A propósito de esta anécdota, ya sería hora de desmentir una vez más la creencia asentada en nuestra sociedad, especialmente entre los hombres, de que las mujeres bonitas son tontas y las mujeres feas son inteligentes. Aceptando el supuesto caso de que la belleza evita trabajo, de lo que se desprende que ciertas facultades cognitivas podrían aletargarse en las mujeres que nacieron bonitas; y la fealdad lo exige, lo que implica el desarrollo de numerosas fuerzas supletorias, ningún otro factor, que yo sepa, apoyaría tal creencia.

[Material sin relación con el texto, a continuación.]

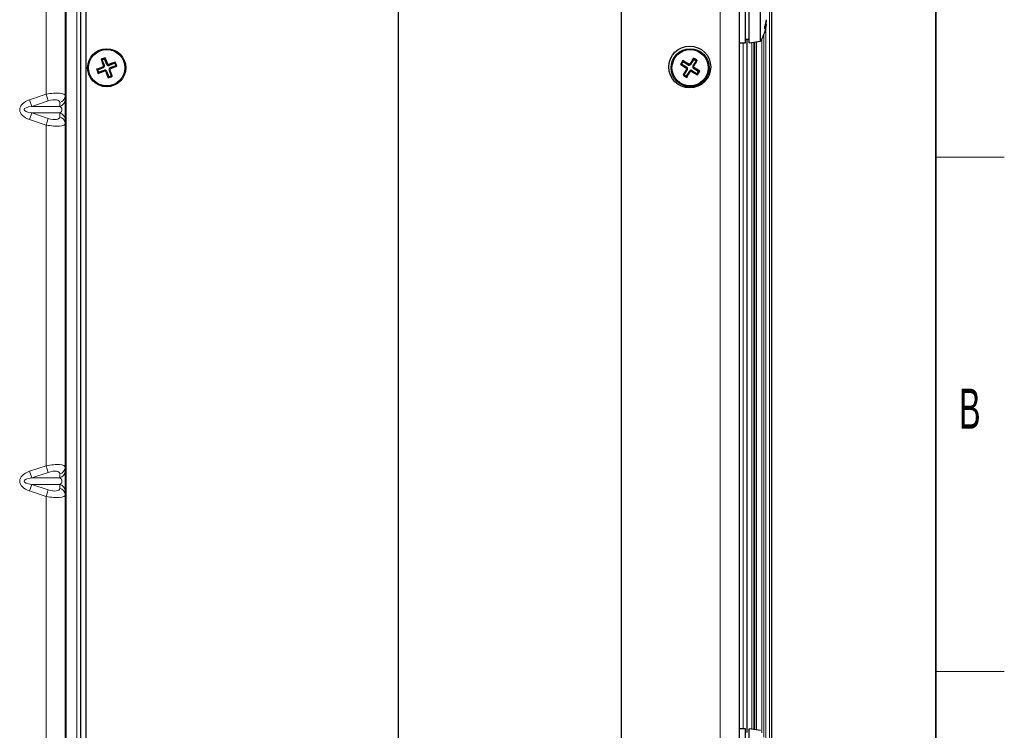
# Model space of a CAD drawing. Header units: millimetres. Extents: x 5 to 418, y 2 to 292.
# Tile 48 of 49: x 328 to 414, y 187 to 249. Entities that reach past the tile are written whole.
import ezdxf

# ---------------------------------------------------------------- set-up
doc = ezdxf.new("R2010")
doc.units = ezdxf.units.MM
doc.layers.add('SLD-0', color=7, linetype='Continuous')
doc.styles.add('SLDTEXTSTYLE0', font='TXT', dxfattribs={"width": 0.605})

msp = doc.modelspace()

# ---------------------------------------------------------------- linework, layer by layer
at = {"color": 7, "linetype": 'Continuous', "lineweight": 18}
for p, q in [((330.1359, 263.9154), (330.1359, 242.7594)), ((389.1359, 263.9154), (389.1359, 88.9154)), ((393.4488, 97.8689), (393.4488, 254.5154)), ((393.6155, 254.5154), (393.6155, 97.8689)), ((331.9026, 252.3487), (331.9026, 118.0154)), ((332.8331, 252.3487), (332.8331, 118.0154)), ((333.5995, 252.3487), (333.5995, 118.0154)), ((360.9579, 118.0154), (360.9579, 252.1487)), ((360.9806, 118.0154), (360.9806, 252.1487)), ((393.1274, 248.5359), (393.1274, 185.9516)), ((392.3203, 247.3572), (392.3203, 187.1402)), ((392.7849, 186.886), (392.7849, 247.6114)), ((392.9513, 247.9625), (392.9513, 186.5349)), ((392.9609, 186.5109), (392.9609, 247.9865)), ((391.1359, 247.2487), (391.1359, 187.2487)), ((391.9023, 187.2099), (391.9023, 247.2876)), ((392.0689, 247.3153), (392.0689, 187.1821)), ((392.1358, 187.171), (392.1358, 247.3265)), ((392.136, 247.3265), (392.136, 187.1709)), ((392.1538, 187.168), (392.1538, 247.3295)), ((335.1476, 245.0974), (335.1187, 245.1722)), ((335.2305, 245.2849), (335.1557, 245.256)), ((335.233, 244.8767), (335.2619, 244.8018)), ((335.4205, 244.7938), (335.3457, 244.7648)), ((335.4512, 245.3703), (335.5261, 245.3993)), ((335.6388, 245.2874), (335.6098, 245.3623)), ((335.6413, 244.8792), (335.7161, 244.9081)), ((335.7242, 245.0667), (335.7531, 244.9919)), ((386.2165, 245.1211), (386.174, 245.0531)), ((386.2627, 244.9214), (386.1947, 244.9639)), ((386.3419, 245.3219), (386.3844, 245.39)), ((386.4635, 244.796), (386.5315, 244.7535)), ((386.5416, 245.3681), (386.4736, 245.4106)), ((386.6633, 244.8422), (386.6208, 244.7742)), ((386.7424, 245.2427), (386.8105, 245.2003)), ((386.7886, 245.043), (386.8311, 245.111)), ((328.6925, 242.2814), (330.1359, 242.7594)), ((328.6925, 242.2814), (328.8837, 241.7041)), ((330.3271, 242.1821), (328.8837, 241.7041)), ((330.3271, 242.1821), (330.1359, 242.7594)), ((328.8837, 241.7041), (331.3271, 241.7041)), ((331.3271, 241.7041), (331.3271, 242.0403)), ((328.6925, 240.5494), (328.8837, 241.1267)), ((330.1359, 240.0714), (328.6925, 240.5494)), ((328.8837, 241.1267), (330.3271, 240.6487)), ((328.8837, 241.1267), (331.3271, 241.1267)), ((330.1359, 240.0714), (330.3271, 240.6487)), ((331.3271, 240.7905), (331.3271, 241.1267)), ((330.1359, 240.0714), (330.1359, 210.2594)), ((328.6925, 209.7814), (330.1359, 210.2594)), ((328.6925, 209.7814), (328.8837, 209.2041)), ((330.3271, 209.6821), (328.8837, 209.2041)), ((330.3271, 209.6821), (330.1359, 210.2594)), ((331.3271, 209.2041), (331.3271, 209.5403)), ((328.6925, 208.0494), (328.8837, 208.6267)), ((328.8837, 209.2041), (331.3271, 209.2041)), ((328.8837, 208.6267), (330.3271, 208.1487)), ((328.8837, 208.6267), (331.3271, 208.6267)), ((331.3271, 208.2905), (331.3271, 208.6267)), ((330.1359, 207.5714), (328.6925, 208.0494)), ((330.1359, 207.5714), (330.3271, 208.1487)), ((330.1359, 207.5714), (330.1359, 177.7594))]:
    msp.add_line(p, q, dxfattribs=at)
at = {"color": 7, "linetype": 'Continuous', "lineweight": 25}
for p, q in [((331.8026, 263.9154), (331.8026, 242.6176)), ((390.8026, 263.9154), (390.8026, 88.9154)), ((380.4692, 263.2487), (380.4692, 89.5821)), ((393.6359, 254.5154), (393.6359, 97.8485)), ((333.1359, 252.3487), (333.1359, 118.0154)), ((333.6359, 118.0154), (333.6359, 252.1487)), ((391.3359, 247.2487), (391.3359, 251.2487)), ((391.6692, 247.2487), (391.6692, 251.2487)), ((392.6692, 247.4154), (392.6692, 251.0821)), ((393.1744, 249.2111), (393.1828, 249.2109)), ((393.1073, 248.901), (393.1828, 248.8841)), ((391.3359, 247.5821), (391.6692, 247.5821)), ((391.4692, 247.5821), (391.4692, 186.9154)), ((391.6692, 247.2487), (392.6692, 247.4154)), ((390.8026, 247.2487), (391.3359, 247.2487)), ((335.0363, 245.787), (334.9444, 245.8276)), ((335.0363, 245.787), (335.257, 245.8724)), ((335.2305, 245.2849), (335.0363, 245.787)), ((335.257, 245.8724), (335.2976, 245.9643)), ((335.4512, 245.3703), (335.257, 245.8724)), ((385.8852, 245.607), (385.8626, 245.7048)), ((386.8268, 245.8247), (386.5416, 245.3681)), ((387.0275, 245.6994), (386.7424, 245.2427)), ((386.8268, 245.8247), (386.8041, 245.9226)), ((386.8268, 245.8247), (387.0275, 245.6994)), ((387.0275, 245.6994), (387.1253, 245.722)), ((334.6455, 244.9032), (334.5537, 244.9438)), ((334.6455, 244.9032), (335.1476, 245.0974)), ((334.6455, 244.9032), (334.7309, 244.6824)), ((334.7309, 244.6824), (335.233, 244.8767)), ((335.4205, 244.7938), (335.6148, 244.2917)), ((336.1409, 245.4817), (335.6388, 245.2874)), ((335.6413, 244.8792), (335.8355, 244.3771)), ((336.2263, 245.2609), (335.7242, 245.0667)), ((336.1409, 245.4817), (336.1815, 245.5735)), ((336.1409, 245.4817), (336.2263, 245.2609)), ((336.2263, 245.2609), (336.3181, 245.2203)), ((385.7599, 245.4063), (385.662, 245.3836)), ((385.7599, 245.4063), (385.8852, 245.607)), ((386.2165, 245.1211), (385.7599, 245.4063)), ((386.3419, 245.3219), (385.8852, 245.607)), ((385.9776, 244.4647), (386.2627, 244.9214)), ((386.1784, 244.3394), (386.4635, 244.796)), ((386.6633, 244.8422), (387.1199, 244.5571)), ((386.7886, 245.043), (387.2452, 244.7579)), ((387.1199, 244.5571), (387.2452, 244.7579)), ((387.2452, 244.7579), (387.3431, 244.7805)), ((334.7309, 244.6824), (334.6903, 244.5906)), ((335.6148, 244.2917), (335.5742, 244.1999)), ((335.6148, 244.2917), (335.8355, 244.3771)), ((335.8355, 244.3771), (335.9274, 244.3365)), ((385.9776, 244.4647), (385.8798, 244.4421)), ((385.9776, 244.4647), (386.1784, 244.3394)), ((386.1784, 244.3394), (386.201, 244.2415)), ((387.1199, 244.5571), (387.1425, 244.4593)), ((331.8026, 242.6176), (331.8026, 242.2814)), ((331.8026, 242.2814), (331.8026, 240.5494)), ((331.8026, 240.5494), (331.8026, 240.2132)), ((331.8026, 240.2132), (331.8026, 210.1176)), ((331.8026, 210.1176), (331.8026, 209.7814)), ((331.8026, 209.7814), (331.8026, 208.0494)), ((331.8026, 208.0494), (331.8026, 207.7132)), ((331.8026, 207.7132), (331.8026, 177.6176)), ((391.3359, 187.2487), (390.8026, 187.2487)), ((391.3359, 185.0168), (391.3359, 187.2487)), ((392.6692, 187.0821), (391.6692, 187.2487)), ((391.6692, 185.0168), (391.6692, 187.2487))]:
    msp.add_line(p, q, dxfattribs=at)
for centre, radius in [((335.4359, 245.0821), 1.6667), ((335.4359, 245.0821), 1.5912), ((386.4692, 245.1487), 1.8333), ((386.5026, 245.0821), 1.6667), ((386.5026, 245.0821), 1.5912)]:
    msp.add_circle(centre, radius, dxfattribs=at)
for centre, radius, start, end in [((391.1607, 249.4814), 2.0315, 337.174981, 354.495255), ((390.6062, 249.4122), 2.5845, 348.435412, 355.533308), ((389.7849, 249.2487), 3.4177, 327.559613, 353.2694), ((392.2094, 249.0096), 0.9815, 327.0621, 352.655602), ((390.9642, 248.5846), 2.0718, 356.9915, 3.0085), ((348.6901, 210.8231), 37.6067, 110.862061, 111.439004), ((369.2688, 258.1881), 36.4821, 199.804304, 200.761404), ((301.5917, 232.0051), 36.4821, 21.539661, 22.496761), ((417.6613, 225.6274), 37.6067, 147.731958, 148.308902), ((367.2734, 214.3139), 36.4821, 58.409559, 59.366659), ((417.2872, 225.8793), 36.4821, 146.674202, 147.631301), ((367.0479, 213.9233), 37.6067, 57.731958, 58.308902), ((355.7344, 264.3112), 36.4821, 328.409559, 329.366659), ((348.5129, 211.2379), 36.4821, 111.539661, 112.496761), ((369.6949, 258.3362), 37.6067, 200.862061, 201.439004), ((322.3299, 278.915), 36.4821, 289.804304, 290.761404), ((335.0953, 245.2326), 0.145, 291.150533, 21.150533), ((335.2853, 244.7414), 0.145, 21.150533, 111.150533), ((369.2801, 258.1591), 36.4821, 201.539661, 202.496761), ((335.5865, 245.4227), 0.145, 201.150533, 291.150533), ((348.5419, 211.2491), 36.4821, 109.804304, 110.761404), ((335.7765, 244.9315), 0.145, 111.150533, 201.150533), ((301.6029, 231.976), 36.4821, 19.804304, 20.761404), ((322.3589, 278.9262), 36.4821, 291.539661, 292.496761), ((301.1769, 231.8279), 37.6067, 20.862061, 21.439004), ((405.7053, 275.8667), 36.4821, 236.674202, 237.631301), ((417.2707, 225.8529), 36.4821, 148.409559, 149.366659), ((355.718, 264.2848), 36.4821, 326.674202, 327.631301), ((386.1397, 244.9982), 0.145, 328.02043, 58.02043), ((386.4187, 245.4449), 0.145, 238.02043, 328.02043), ((386.5865, 244.7192), 0.145, 58.02043, 148.02043), ((405.7317, 275.8502), 36.4821, 238.409559, 239.366659), ((386.8654, 245.166), 0.145, 148.02043, 238.02043), ((367.2998, 214.2975), 36.4821, 56.674202, 57.631301), ((355.3438, 264.5367), 37.6067, 327.731958, 328.308902), ((322.1817, 279.341), 37.6067, 290.862061, 291.439004), ((405.9572, 276.2408), 37.6067, 237.731958, 238.308902)]:
    msp.add_arc(centre, radius, start, end, dxfattribs=at)
at = {"color": 7, "linetype": 'Continuous', "lineweight": 18}
for centre, start, end in [((331.1886, 242.6388), 283.02534, 358.028605), ((331.1886, 242.3025), 283.02534, 358.028605), ((331.1886, 240.5282), 1.971395, 76.97466), ((331.1886, 240.192), 1.971395, 76.97466), ((331.1886, 210.1388), 283.02534, 358.028605), ((331.1886, 209.8025), 283.02534, 358.028605), ((331.1886, 208.0282), 1.971395, 76.97466), ((331.1886, 207.692), 1.971395, 76.97466)]:
    msp.add_arc(centre, 0.6143, start, end, dxfattribs=at)
for centre, major_axis, ratio, start_param, end_param in [((329.5642, 241.4154), (1.7434, 0), 0.5735764, 2.0943951, 4.1887902), ((330.1359, 242.2865), (1.6638, 0.3583), 0.2721206, 6.2246594, 7.7954558), ((330.3271, 241.7091), (0.9856, 0.4064), 0.4161231, 6.1132744, 7.6840707), ((329.5642, 241.4154), (1.3611, 0), 0.2449067, 2.0943951, 4.1887902), ((331.1359, 241.4154), (0.3824, 0), 0.8717234, 5.2359878, 7.3303829), ((330.3271, 241.1217), (0.9856, -0.4064), 0.4161231, 4.8822999, 6.4530962), ((330.1359, 240.5443), (1.6638, -0.3583), 0.2721206, 4.7709148, 6.3417112), ((330.1359, 209.7865), (1.6638, 0.3583), 0.2721206, 6.2246594, 7.7954558), ((329.5642, 208.9154), (1.7434, 0), 0.5735764, 2.0943951, 4.1887902), ((330.3271, 209.2091), (0.9856, 0.4064), 0.4161231, 6.1132744, 7.6840707), ((329.5642, 208.9154), (1.3611, 0), 0.2449067, 2.0943951, 4.1887902), ((331.1359, 208.9154), (0.3824, 0), 0.8717234, 5.2359878, 7.3303829), ((330.1359, 208.0443), (1.6638, -0.3583), 0.2721206, 4.7709148, 6.3417112), ((330.3271, 208.6217), (0.9856, -0.4064), 0.4161231, 4.8822999, 6.4530962)]:
    msp.add_ellipse(centre, major_axis=major_axis, ratio=ratio, start_param=start_param, end_param=end_param, dxfattribs=at)
at = {"color": 7, "linetype": 'Continuous', "lineweight": 25}
for points, knots in [([(335.1187, 245.1722), (335.1219, 245.1737), (335.1286, 245.1767), (335.1374, 245.1832), (335.1452, 245.1911), (335.1514, 245.2001), (335.1561, 245.2101), (335.1591, 245.2206), (335.1602, 245.2316), (335.1595, 245.2436), (335.1571, 245.2516), (335.1557, 245.256)], [0, 0, 0, 0, 0.1062611, 0.2155749, 0.3221544, 0.4318478, 0.5380275, 0.6472958, 0.7533325, 0.8624293, 1, 1, 1, 1]), ([(335.3457, 244.7648), (335.3442, 244.7681), (335.3412, 244.7747), (335.3347, 244.7836), (335.3269, 244.7913), (335.3179, 244.7976), (335.3079, 244.8023), (335.2973, 244.8052), (335.2864, 244.8063), (335.2744, 244.8057), (335.2664, 244.8032), (335.2619, 244.8018)], [0, 0, 0, 0, 0.1062611, 0.2155749, 0.3221544, 0.4318478, 0.5380275, 0.6472958, 0.7533325, 0.8624293, 1, 1, 1, 1]), ([(335.5261, 245.3993), (335.5275, 245.396), (335.5305, 245.3894), (335.5371, 245.3805), (335.5449, 245.3728), (335.5539, 245.3665), (335.5639, 245.3618), (335.5745, 245.3589), (335.5854, 245.3578), (335.5974, 245.3584), (335.6054, 245.3609), (335.6098, 245.3623)], [0, 0, 0, 0, 0.1062611, 0.2155749, 0.3221544, 0.4318478, 0.5380275, 0.6472958, 0.7533325, 0.8624293, 1, 1, 1, 1]), ([(335.7531, 244.9919), (335.7499, 244.9904), (335.7432, 244.9874), (335.7344, 244.9809), (335.7266, 244.973), (335.7204, 244.964), (335.7157, 244.954), (335.7127, 244.9435), (335.7116, 244.9325), (335.7122, 244.9205), (335.7147, 244.9126), (335.7161, 244.9081)], [0, 0, 0, 0, 0.1062611, 0.2155749, 0.3221544, 0.4318478, 0.5380275, 0.6472958, 0.7533325, 0.8624293, 1, 1, 1, 1]), ([(386.1947, 244.9639), (386.1964, 244.967), (386.1999, 244.9734), (386.2031, 244.9839), (386.2046, 244.9948), (386.2042, 245.0058), (386.2019, 245.0166), (386.198, 245.0268), (386.1923, 245.0362), (386.1846, 245.0455), (386.1778, 245.0504), (386.174, 245.0531)], [0, 0, 0, 0, 0.1062611, 0.2155749, 0.3221544, 0.4318478, 0.5380275, 0.6472958, 0.7533325, 0.8624293, 1, 1, 1, 1]), ([(386.3844, 245.39), (386.3875, 245.3882), (386.3939, 245.3847), (386.4044, 245.3815), (386.4153, 245.3801), (386.4263, 245.3805), (386.4371, 245.3827), (386.4473, 245.3867), (386.4567, 245.3923), (386.466, 245.4), (386.4709, 245.4068), (386.4736, 245.4106)], [0, 0, 0, 0, 0.1062611, 0.2155749, 0.3221544, 0.4318478, 0.5380275, 0.6472958, 0.7533325, 0.8624293, 1, 1, 1, 1]), ([(386.6208, 244.7742), (386.6176, 244.7759), (386.6112, 244.7794), (386.6007, 244.7826), (386.5898, 244.7841), (386.5788, 244.7837), (386.568, 244.7814), (386.5578, 244.7775), (386.5484, 244.7718), (386.5392, 244.7641), (386.5343, 244.7573), (386.5315, 244.7535)], [0, 0, 0, 0, 0.10626112, 0.21557494, 0.32215443, 0.43184782, 0.53802751, 0.64729579, 0.75333253, 0.86242935, 1, 1, 1, 1]), ([(386.8105, 245.2003), (386.8087, 245.1971), (386.8052, 245.1907), (386.8021, 245.1802), (386.8006, 245.1693), (386.801, 245.1583), (386.8032, 245.1475), (386.8072, 245.1373), (386.8128, 245.1279), (386.8205, 245.1187), (386.8273, 245.1138), (386.8311, 245.111)], [0, 0, 0, 0, 0.1062611, 0.2155749, 0.3221544, 0.4318478, 0.5380275, 0.6472958, 0.7533325, 0.8624293, 1, 1, 1, 1])]:
    msp.add_open_spline(points, degree=3, knots=knots, dxfattribs=at)
at = {"layer": 'SLD-0', "lineweight": 35}
msp.add_line((408, 12), (408, 282.5), dxfattribs=at)
at = {"layer": 'SLD-0', "lineweight": 18}
for p, q in [((408, 237.25), (414, 237.25)), ((408, 192.25), (414, 192.25))]:
    msp.add_line(p, q, dxfattribs=at)

# ---------------------------------------------------------------- texts
at = {"layer": 'SLD-0', "insert": (410.9816, 217.0011), "char_height": 3.5, "attachment_point": 2, "style": 'SLDTEXTSTYLE0'}
msp.add_mtext('B', dxfattribs=at)

doc.saveas('drawing.dxf')

El segundo ejemplo, más revelador aún que el anterior, pues demuestra la fragilidad escondida debajo de una engañadora y aparente arrogancia, me fue dado conocerlo de primera fuente en tiempos en que yo integraba la directiva del sindicato de periodistas de la empresa. El Amigo Bigote, que no era dado a arrimarse al árbol gremial, posiblemente porque sus ideas conservadoras consideraban que tan buena sombra no daba, me confesó discretamente que había recibido un llamado del director y que todo indicaba que su valioso aporte periodístico a la empresa estaba a las puertas de llegar a su fin. Me pidió algunos consejos, mejor dicho algunas aclaraciones, y se las di. Quedamos de hablar a la salida de la reunión. 
Entró a la oficina, donde lo esperaban el director, el gerente general y el jefe de personal. La plana mayor. Treinta minutos después abandonó el despacho sonriente y relajado. Camino al café me fue contando que, en efecto, le habían solicitado la renuncia, pero acompañada de una oferta más que digna en términos económicos, considerando sus más de cuarenta años de servicio, oferta que había aceptado gustoso. De yapa le ofrecían continuar la crítica gastronómica en calidad de colaborador. En otras palabras, una buena tucada, la merecida pensión otorgada por el antiguo sistema previsional, pues nunca se cambió a una Afp, más un estipendio mensual por visitar los mejores hoteles y restaurantes y escribir sobre ellos. Qué mejor. El sueño del pibe. Agradeció mis escuálidos servicios de dirigente sindical, resaltando que no serían necesarios. Entendí que yo había cumplido el papel de un porsiacaso y en el fondo agradecí haberme quitado ese eventual peso de encima. Fue entonces cuando lo traicionó la sensación de bienestar que lo dominaba, y dejó escapar una extraña confidencia. Dijo: "Iba preparado, Zanahoria, llevaba en el bolsillo mi camarita fotográfica para retratarlos si las cosas no salían bien, pero no tuve necesidad de usarla". ¡Vaya, el Amigo Bigote revelando que estaba asustado!, temía una artimaña, una traición proveniente de las altas esferas, una traición de aquellos con los que se codeaba en cenas de gala, en empingorotados hoteles cinco estrellas, en aniversarios de fuste. ¿Cómo pudo haber siquiera imaginado la posibilidad de que ello sucediese? Ni al más desconfiado de los mortales se le habría ocurrido. Concluí que la respuesta se hallaba en lo más recóndito de su alma: Nemo me impune lacessit.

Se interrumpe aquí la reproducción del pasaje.